[SOURCE MATERIAL]

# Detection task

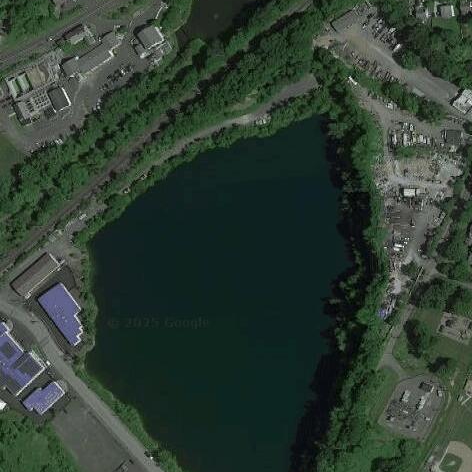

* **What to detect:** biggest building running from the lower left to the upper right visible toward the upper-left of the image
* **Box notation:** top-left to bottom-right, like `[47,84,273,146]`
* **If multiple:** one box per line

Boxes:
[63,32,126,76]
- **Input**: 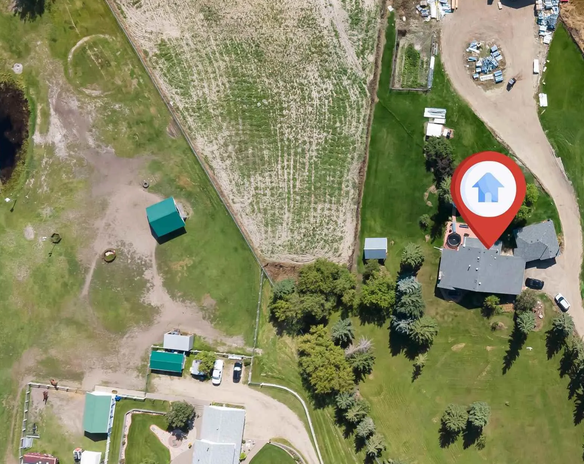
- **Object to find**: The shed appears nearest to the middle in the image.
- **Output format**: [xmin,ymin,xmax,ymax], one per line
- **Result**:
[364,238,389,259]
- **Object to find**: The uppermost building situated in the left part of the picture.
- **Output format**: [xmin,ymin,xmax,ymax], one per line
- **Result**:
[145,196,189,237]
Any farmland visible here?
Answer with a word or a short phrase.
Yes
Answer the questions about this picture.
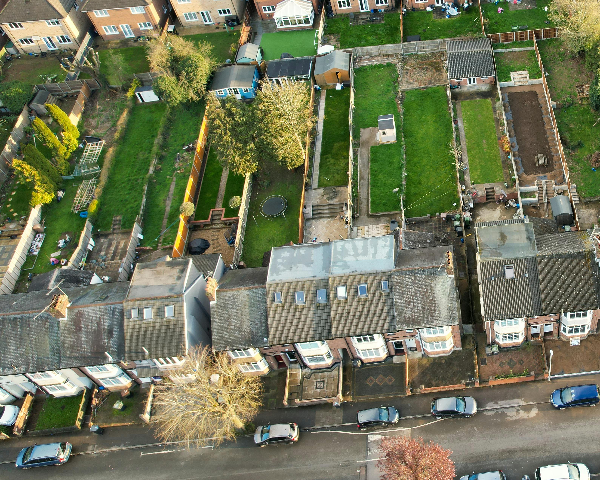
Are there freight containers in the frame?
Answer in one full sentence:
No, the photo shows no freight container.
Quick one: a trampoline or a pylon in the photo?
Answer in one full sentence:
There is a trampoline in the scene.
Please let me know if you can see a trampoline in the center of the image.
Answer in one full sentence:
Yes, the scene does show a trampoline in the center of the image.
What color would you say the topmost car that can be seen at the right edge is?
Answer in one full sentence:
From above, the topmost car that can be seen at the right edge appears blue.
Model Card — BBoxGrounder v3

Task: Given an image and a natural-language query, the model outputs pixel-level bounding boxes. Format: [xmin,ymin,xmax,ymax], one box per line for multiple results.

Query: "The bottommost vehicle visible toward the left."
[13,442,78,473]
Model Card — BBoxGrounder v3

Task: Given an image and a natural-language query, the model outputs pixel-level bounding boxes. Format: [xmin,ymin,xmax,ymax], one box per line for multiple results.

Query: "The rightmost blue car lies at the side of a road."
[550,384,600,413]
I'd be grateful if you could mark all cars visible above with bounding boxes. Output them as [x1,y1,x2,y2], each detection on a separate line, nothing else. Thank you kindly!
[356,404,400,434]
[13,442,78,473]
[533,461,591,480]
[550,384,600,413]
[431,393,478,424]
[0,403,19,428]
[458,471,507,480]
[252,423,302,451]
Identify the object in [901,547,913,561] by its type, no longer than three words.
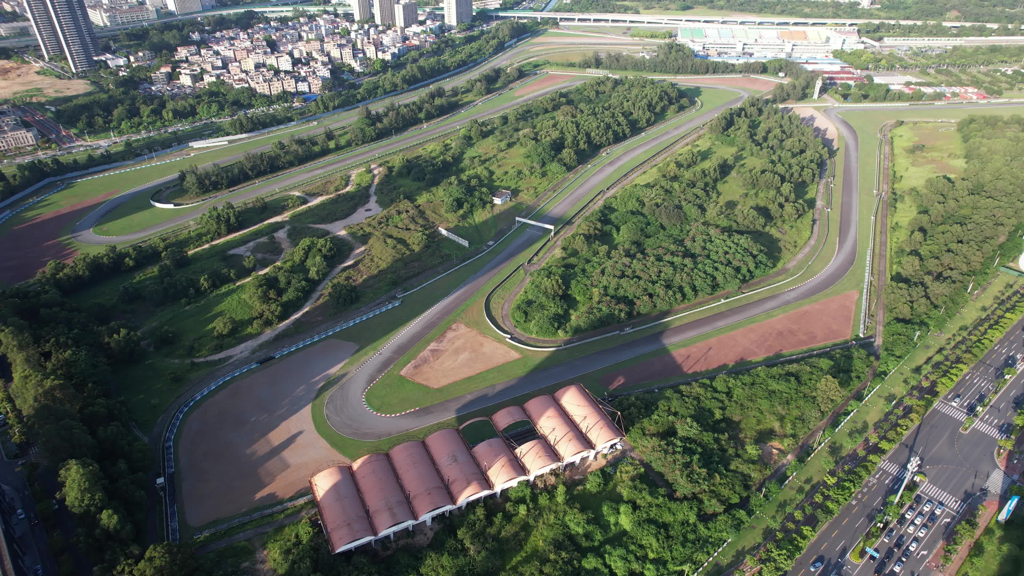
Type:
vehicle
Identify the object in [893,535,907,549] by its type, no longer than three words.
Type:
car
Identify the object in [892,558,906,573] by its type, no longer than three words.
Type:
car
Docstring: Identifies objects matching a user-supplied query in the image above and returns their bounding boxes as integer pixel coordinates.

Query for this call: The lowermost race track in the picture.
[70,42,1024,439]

--

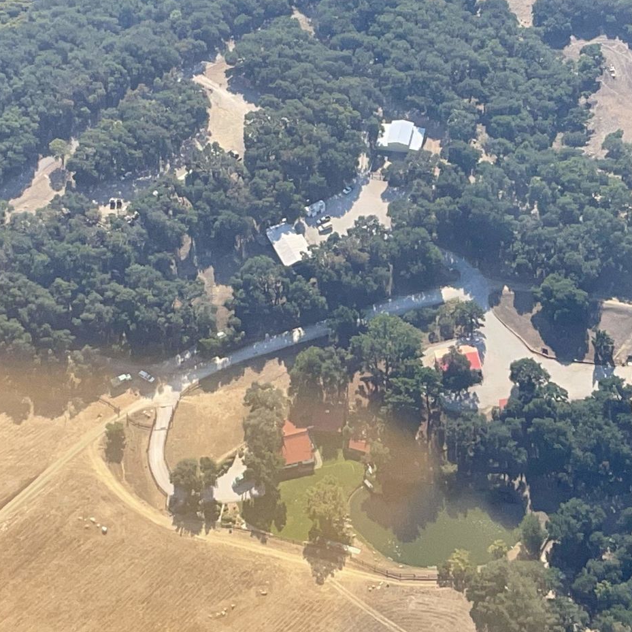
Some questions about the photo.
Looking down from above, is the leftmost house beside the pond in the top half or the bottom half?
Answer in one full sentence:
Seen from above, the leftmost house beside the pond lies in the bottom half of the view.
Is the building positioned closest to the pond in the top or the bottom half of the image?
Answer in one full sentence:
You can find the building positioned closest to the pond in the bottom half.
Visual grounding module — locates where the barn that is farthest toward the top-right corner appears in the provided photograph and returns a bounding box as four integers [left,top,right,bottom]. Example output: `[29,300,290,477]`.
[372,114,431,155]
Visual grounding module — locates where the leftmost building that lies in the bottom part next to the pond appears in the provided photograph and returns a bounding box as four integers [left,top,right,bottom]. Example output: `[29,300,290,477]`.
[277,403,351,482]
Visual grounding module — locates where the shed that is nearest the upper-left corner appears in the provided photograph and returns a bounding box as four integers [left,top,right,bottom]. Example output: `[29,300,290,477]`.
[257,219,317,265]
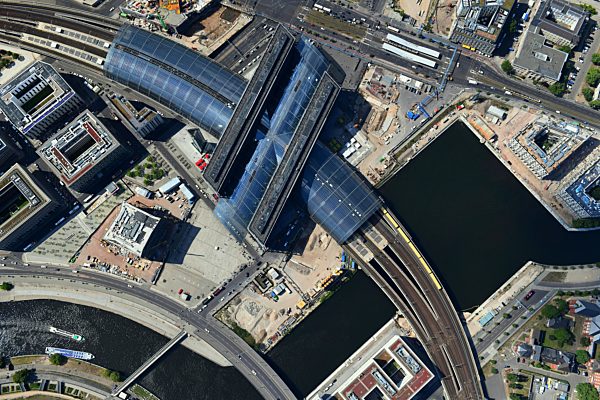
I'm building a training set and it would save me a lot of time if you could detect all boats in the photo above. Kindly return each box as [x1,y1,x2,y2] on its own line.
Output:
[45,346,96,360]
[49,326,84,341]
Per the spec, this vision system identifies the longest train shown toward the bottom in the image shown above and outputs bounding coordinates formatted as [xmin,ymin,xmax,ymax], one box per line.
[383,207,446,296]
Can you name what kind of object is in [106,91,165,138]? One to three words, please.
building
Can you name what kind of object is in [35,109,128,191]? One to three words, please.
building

--

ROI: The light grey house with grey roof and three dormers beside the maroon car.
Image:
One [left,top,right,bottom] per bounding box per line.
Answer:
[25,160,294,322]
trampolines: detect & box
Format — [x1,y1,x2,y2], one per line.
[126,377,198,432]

[EXERCISE GOAL] Set the pictures aside and reproduce exactly the lines above, from the line holding "# Detection task" through the line holding "Please let me", both included, with nothing else.

[FINAL ANSWER]
# Detection task


* **What to detect:** biggest building running from the lower left to the upper right visible toward the upper-left of the image
* **Box notation:** top-left to bottom-right, like `[47,84,273,146]`
* **If multiple:** one box per line

Boxes:
[63,32,126,76]
- **Input**: 
- **Object to find**: The shed appears nearest to the middle in the image.
- **Output format**: [xmin,ymin,xmax,ymax], one per line
- **Result**:
[364,238,389,259]
- **Object to find**: The uppermost building situated in the left part of the picture.
- **Output format**: [xmin,ymin,xmax,ymax], one per line
- **Result**:
[145,196,189,237]
Any farmland visible here?
Answer with a word or a short phrase.
Yes
Answer the questions about this picture.
Are there freight containers in the frame?
Answer in one full sentence:
No, the photo shows no freight container.
Quick one: a trampoline or a pylon in the photo?
Answer in one full sentence:
There is a trampoline in the scene.
Please let me know if you can see a trampoline in the center of the image.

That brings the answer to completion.